Raytheon delivered the first B-52 active electronically scanned array radar (AESA) to Boeing for the US Air Force’s B-52 Radar Modernization Program. This first radar will be used for system integration, verification, and testing.
“Outfitting the B-52 with an AESA radar replaces its current 1960s radar technology,” says Michelle Styczynski, vice president of Agile Radar Solutions at Raytheon, in a company news release. “With an AESA radar on board, the B-52 will gain improved navigation and targeting capabilities in higher threat areas.”

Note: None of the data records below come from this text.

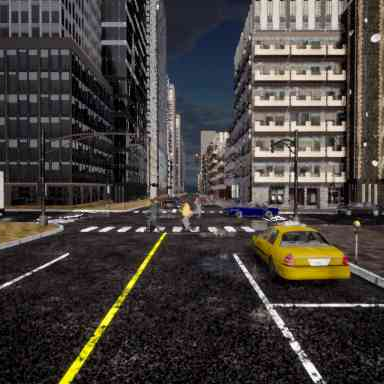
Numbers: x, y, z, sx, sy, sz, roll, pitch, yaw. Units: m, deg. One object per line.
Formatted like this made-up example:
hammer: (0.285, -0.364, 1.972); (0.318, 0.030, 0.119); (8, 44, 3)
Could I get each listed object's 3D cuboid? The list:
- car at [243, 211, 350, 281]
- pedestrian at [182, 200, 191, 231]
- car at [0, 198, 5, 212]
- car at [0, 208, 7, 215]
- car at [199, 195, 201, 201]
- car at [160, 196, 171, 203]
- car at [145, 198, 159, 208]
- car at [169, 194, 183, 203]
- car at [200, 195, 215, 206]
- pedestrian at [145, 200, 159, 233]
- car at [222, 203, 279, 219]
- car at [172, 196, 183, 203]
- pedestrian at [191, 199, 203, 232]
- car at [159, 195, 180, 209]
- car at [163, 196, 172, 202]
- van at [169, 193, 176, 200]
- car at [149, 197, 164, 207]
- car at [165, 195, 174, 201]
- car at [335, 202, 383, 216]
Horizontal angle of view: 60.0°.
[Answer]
car: (2.825, 1.523, 9.698); (1.752, 1.417, 4.829); (-1, 0, 0)
pedestrian: (-0.298, 1.289, 19.057); (0.375, 1.860, 0.375); (-1, 1, 0)
car: (-21.598, 1.276, 33.206); (4.829, 1.417, 1.752); (0, 0, 1)
car: (-18.277, 1.423, 27.392); (5.357, 1.411, 2.033); (0, 1, 1)
car: (2.843, 1.425, 87.065); (1.967, 1.590, 4.097); (-1, 0, 0)
car: (-5.568, 1.531, 70.117); (1.887, 1.381, 4.507); (-1, 0, 0)
car: (-5.612, 1.515, 47.329); (1.752, 1.417, 4.829); (-1, 0, 0)
car: (-2.981, 1.514, 55.612); (1.812, 1.442, 4.674); (0, 0, 0)
car: (2.779, 1.539, 53.138); (2.008, 1.369, 4.403); (-1, 0, 0)
pedestrian: (-2.151, 1.289, 17.862); (0.375, 1.860, 0.375); (-1, 1, 0)
car: (5.095, 1.615, 29.213); (4.718, 1.301, 1.895); (1, 0, -19)
car: (-2.884, 1.534, 67.983); (2.033, 1.411, 5.357); (0, 0, 1)
pedestrian: (0.266, 1.289, 18.455); (0.375, 1.860, 0.375); (-1, 1, 0)
car: (-3.003, 1.494, 45.865); (1.837, 1.490, 4.892); (0, 0, 0)
car: (-5.557, 1.568, 75.771); (1.802, 1.307, 4.206); (-1, 0, 0)
van: (-5.528, 1.325, 92.736); (1.690, 1.788, 3.998); (-1, 0, 0)
car: (-5.601, 1.554, 53.153); (1.947, 1.339, 4.313); (-1, 0, 0)
car: (-5.547, 1.530, 81.426); (1.887, 1.381, 4.507); (-1, 0, 0)
car: (16.376, 1.624, 32.635); (4.403, 1.369, 2.008); (0, 0, 1)

The B-52’s new radar will enable improved mapping and detection range and increase the number of targets the platform can engage simultaneously. Along with improved modes and capabilities, the AESA radar will help crews see further, more accurately and have increased situational awareness.
“This new AESA radar will give the B-52 more capability than it has today and allow for the possibility to enhance access to growth capabilities in the future,” said Jennifer Wong, senior director, Boeing Bomber Programs. “A lot of amazing collaboration by our Boeing team, Raytheon and the Air Force made this possible.”

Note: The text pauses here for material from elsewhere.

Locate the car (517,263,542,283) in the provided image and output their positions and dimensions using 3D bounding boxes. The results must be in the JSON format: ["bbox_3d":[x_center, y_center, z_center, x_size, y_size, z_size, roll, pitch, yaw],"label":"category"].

Under the contract, Raytheon is designing, developing, and producing the radar systems for the entire US Air Force B-52 fleet. The advanced radar upgrade will ensure the aircraft remains relevant and mission ready through its lifetime.
Production of the radars is taking place in Forest, Mississippi and El Segundo, California. The remaining test-phase radars are expected to be delivered through the summer of 2024.
The new B-52 radar is based on AESA technologies developed from RTX’s pioneering AN/APG-79 radar.
As the USAF migrates toward the two-bomber fleet of B-21s and B-52s the new AESA radar, in the form of the APG-79B4, is a “game changer” for the BUFF. The APG-79 is effectively the same radar as on the export version of the Navy F/A-18 fighter, with the array turned “upside down” so it looks more down at the ground than up at the sky.
The APG-79 will be a fighter-quality radar and will be used not only to support air-to-ground operations but will also be better able to operate with other coalition partners because the bomber will be able to use the same sensor format. It will be able to scan farther, guide weapons in flight, and improve the bomber’s situational awareness.
Flight testing with the new radar will start in late 2025, and the first production versions should be built around the same time. They’ll be installed in early 2027 and initial operational capability (IOC) with the radar will consist of 12 aircraft as the required assets available for the declaration.
As we have already reported, according to the US Air Force’s fiscal 2024 budget documents, once they receive their new Rolls Royce F130 engines and AESA radars, B-52Hs will become B-52Js.
The USAF expects B-52Js with both new engines and new radars to be available for operational use before the end of the decade.